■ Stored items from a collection
■ ■ ■ ■

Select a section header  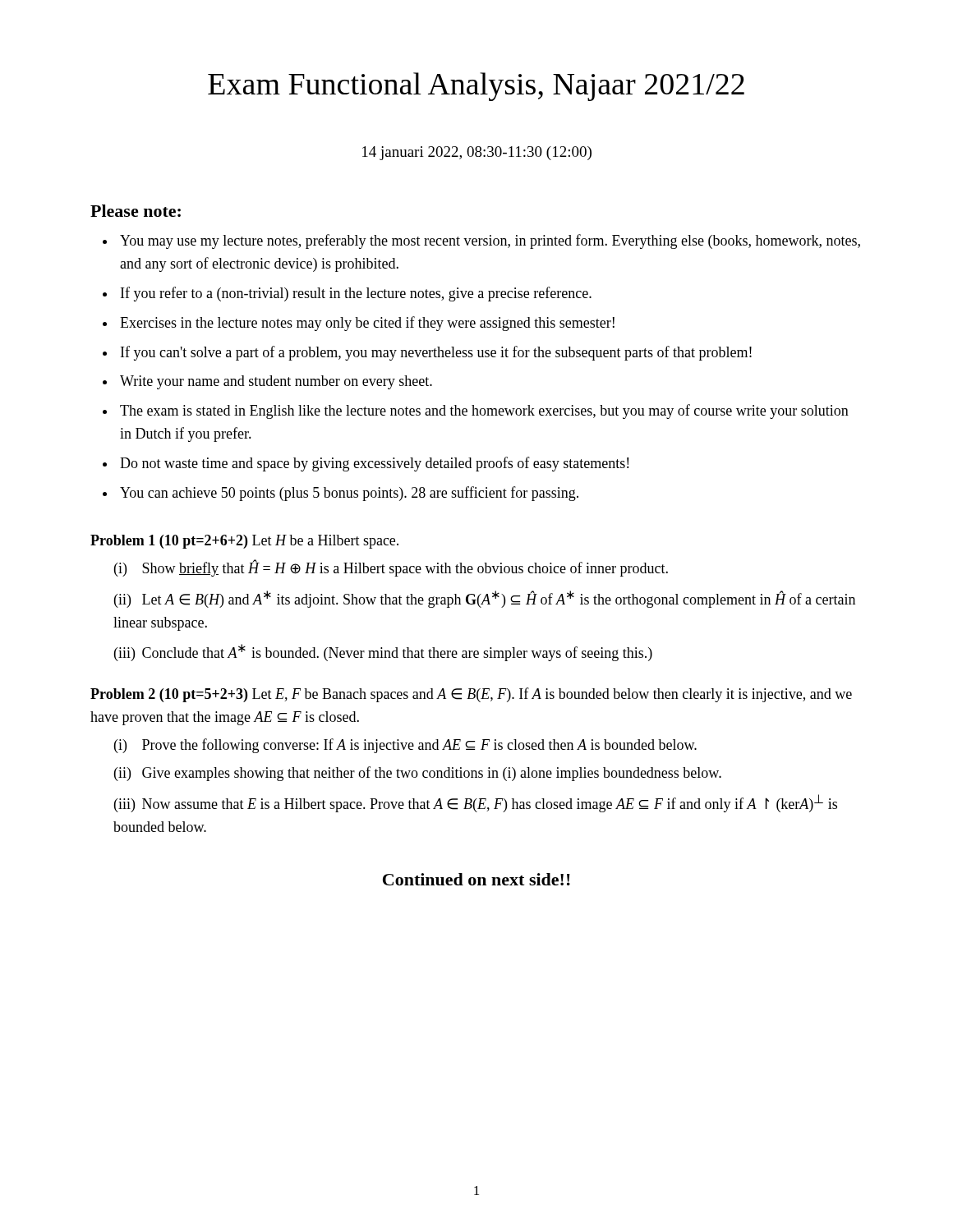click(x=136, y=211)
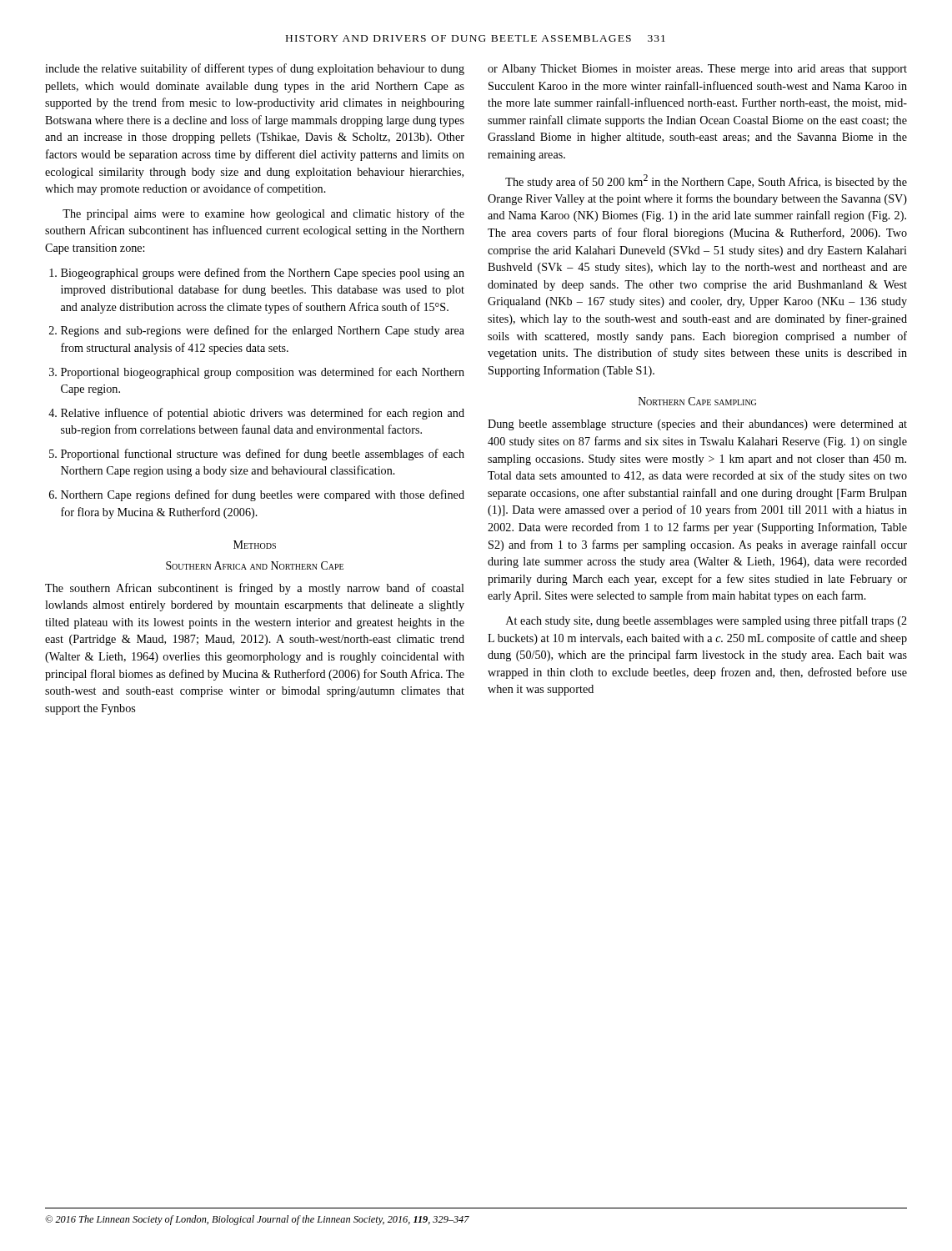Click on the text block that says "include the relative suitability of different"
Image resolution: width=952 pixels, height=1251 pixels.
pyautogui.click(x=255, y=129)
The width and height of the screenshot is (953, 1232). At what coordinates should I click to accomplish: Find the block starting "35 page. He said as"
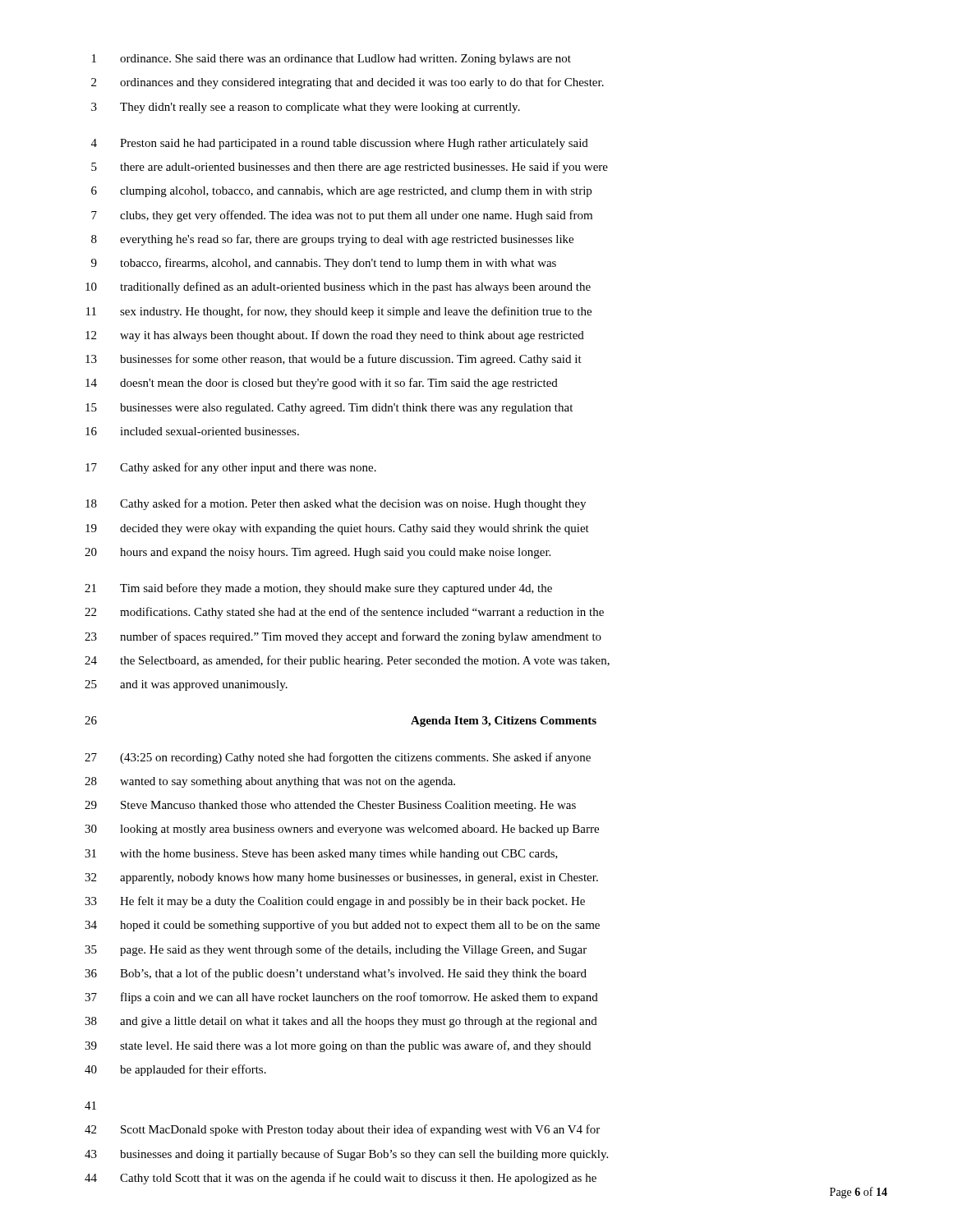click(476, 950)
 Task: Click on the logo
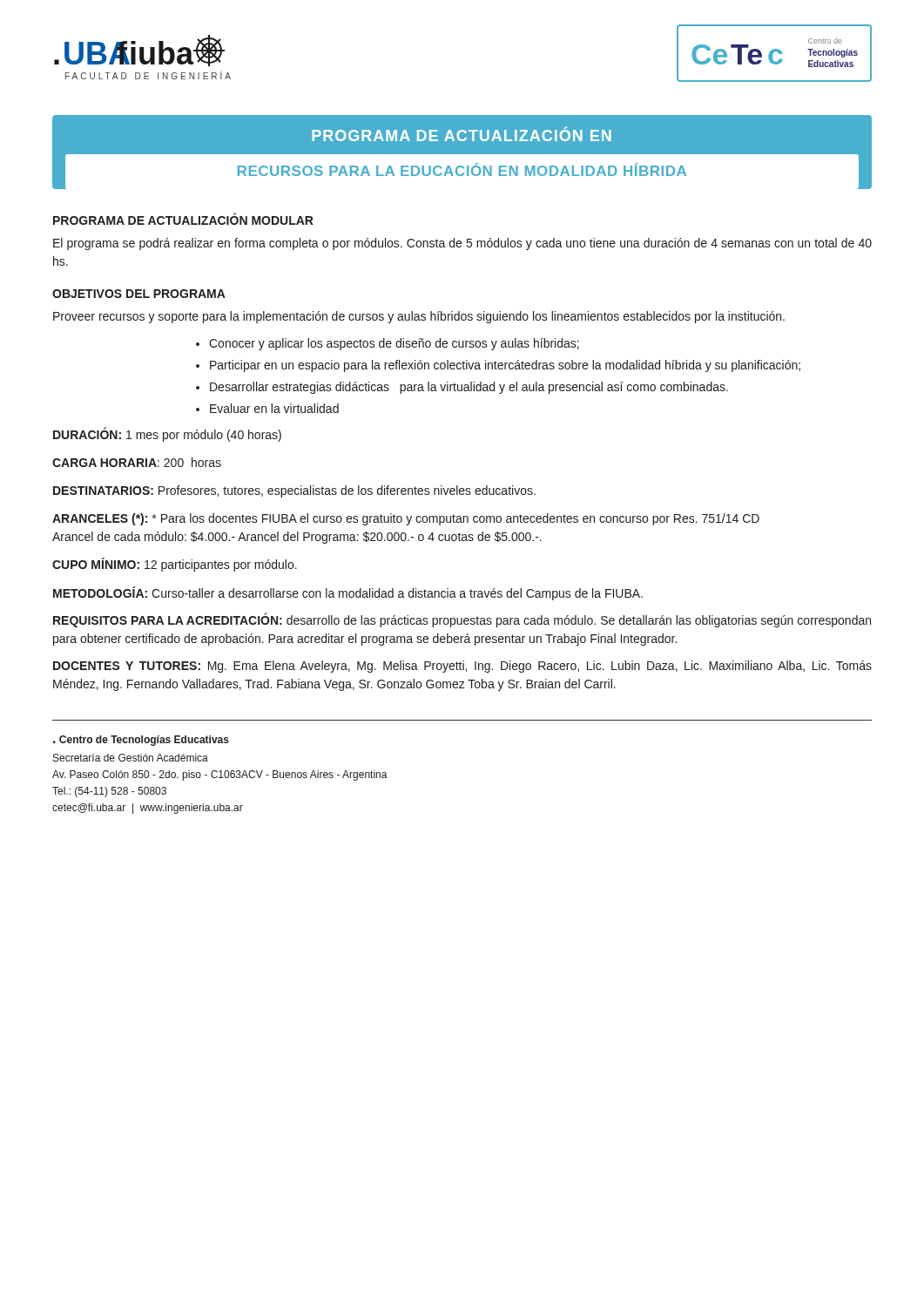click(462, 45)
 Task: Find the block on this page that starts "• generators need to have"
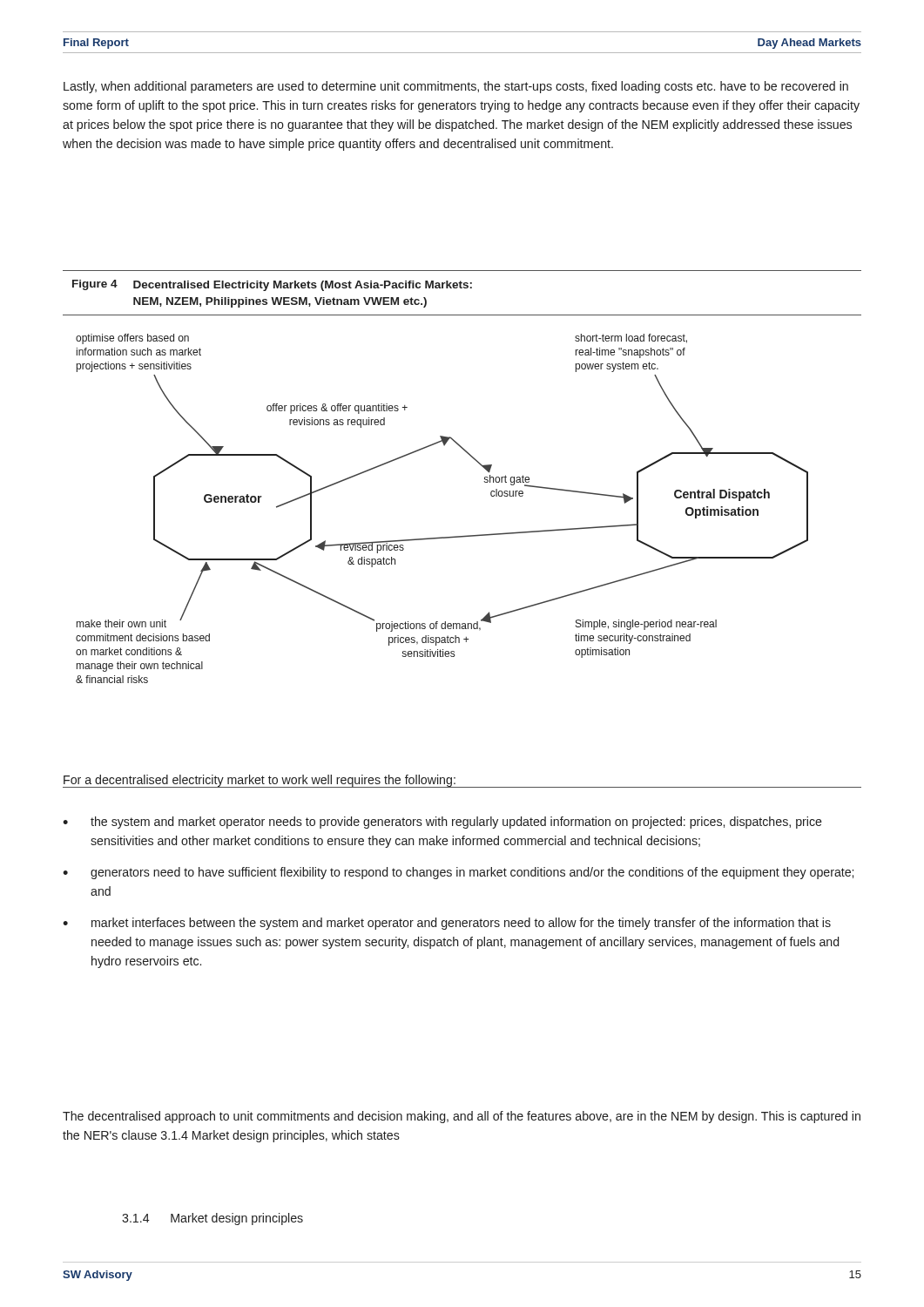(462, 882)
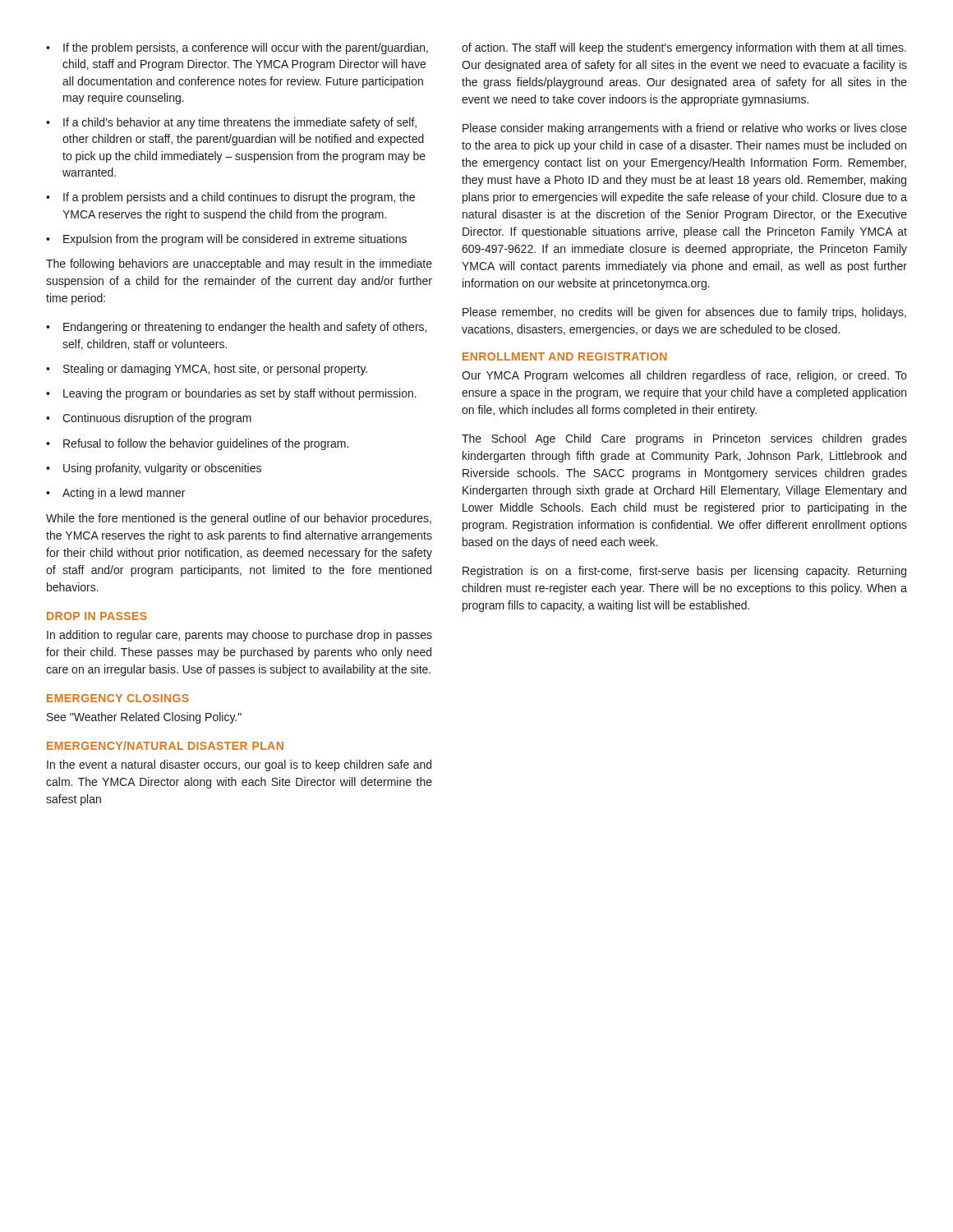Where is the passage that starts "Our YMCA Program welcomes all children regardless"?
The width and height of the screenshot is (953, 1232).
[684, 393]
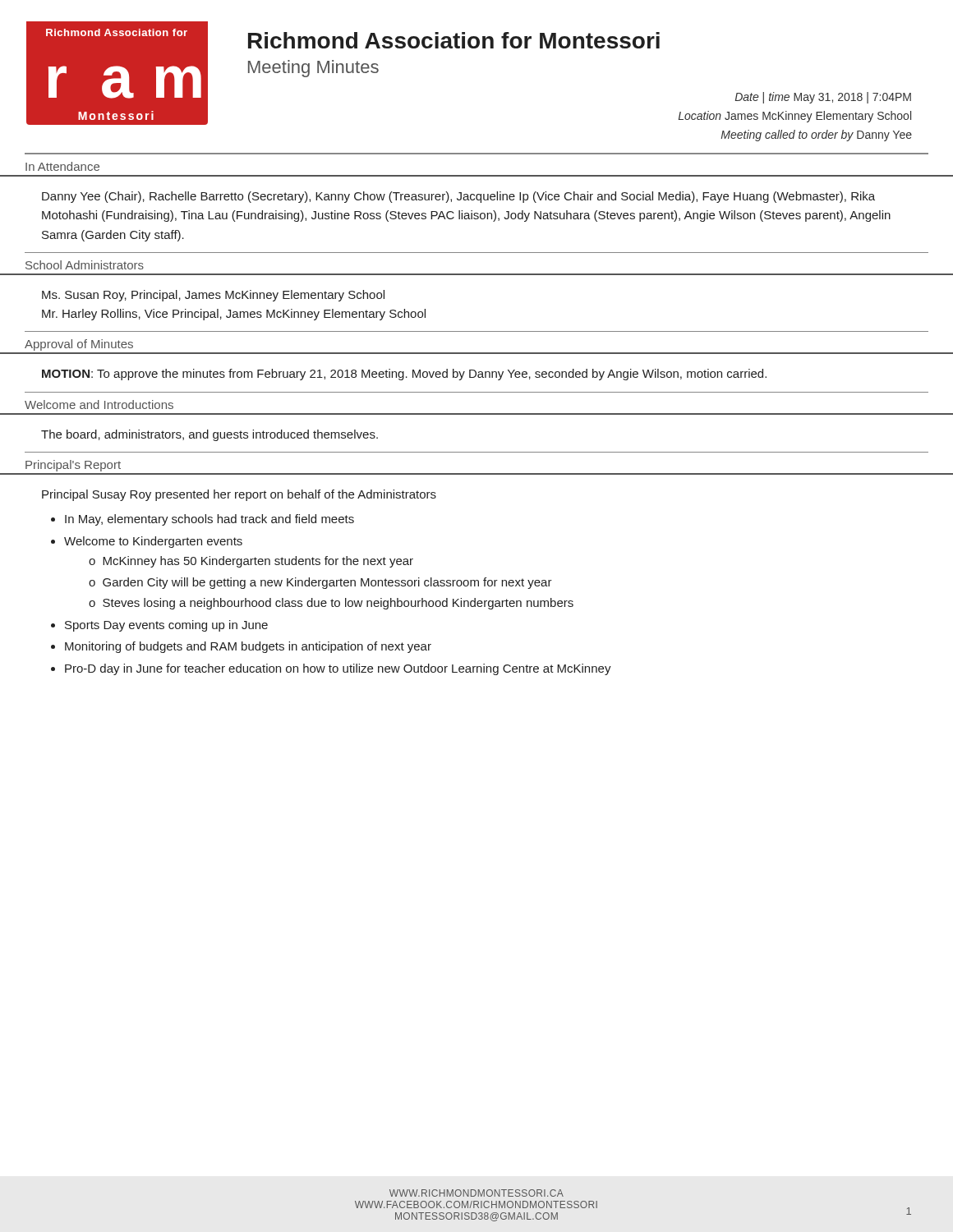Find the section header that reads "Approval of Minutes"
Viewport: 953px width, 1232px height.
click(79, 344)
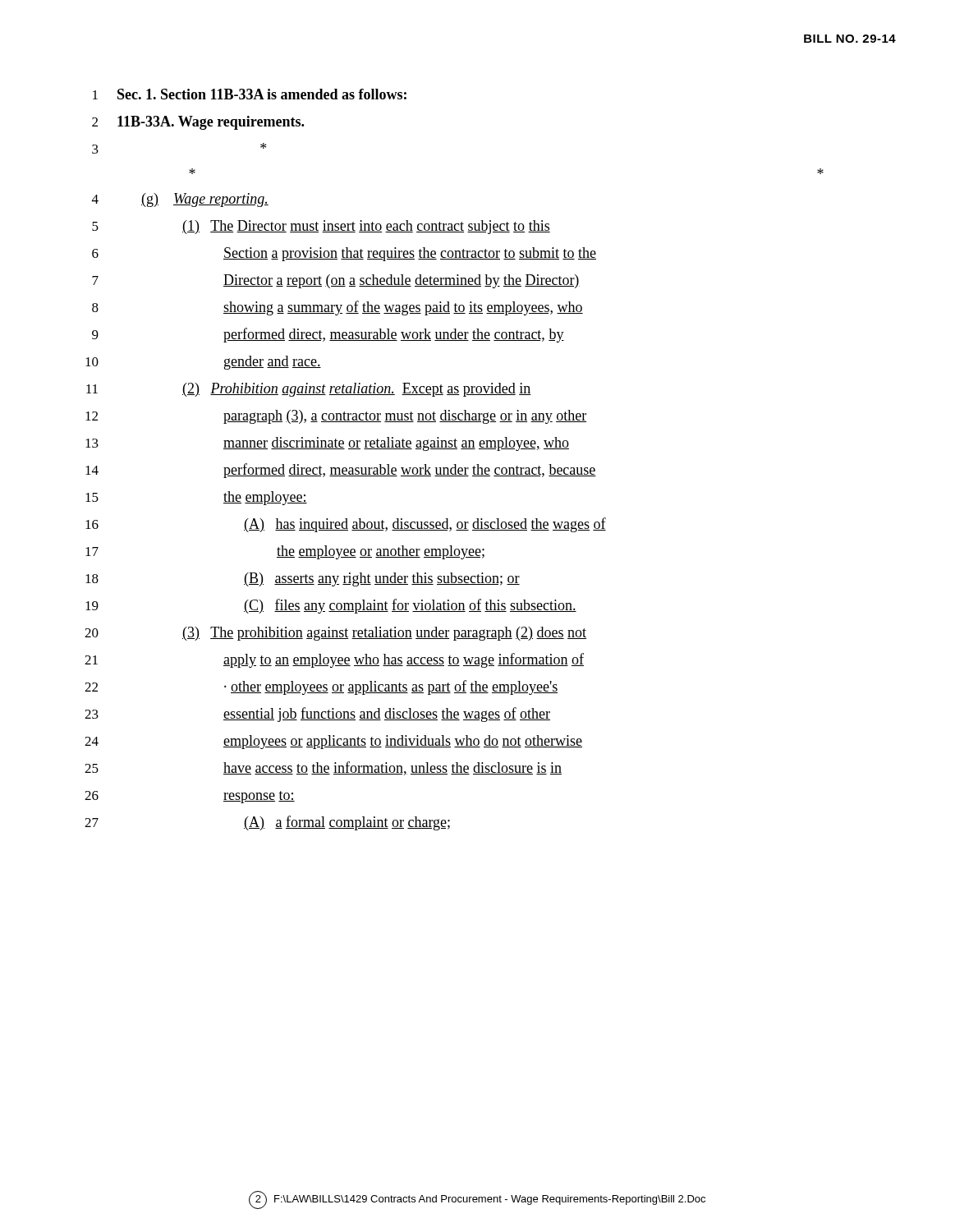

■ ■ ■ ■

Word for word, output the lines from the line bearing "Task: Click on the logo" through the end of the records above, and only those, without the pictures.

■ ANSWER SECTION
 Task: Click on the logo
click(462, 45)
 Task: Find the block on this page that starts "• generators need to have"
(462, 882)
Where is the passage that starts "Our YMCA Program welcomes all children regardless"?
The width and height of the screenshot is (953, 1232).
[684, 393]
Find the section header that reads "Approval of Minutes"
Viewport: 953px width, 1232px height.
click(79, 344)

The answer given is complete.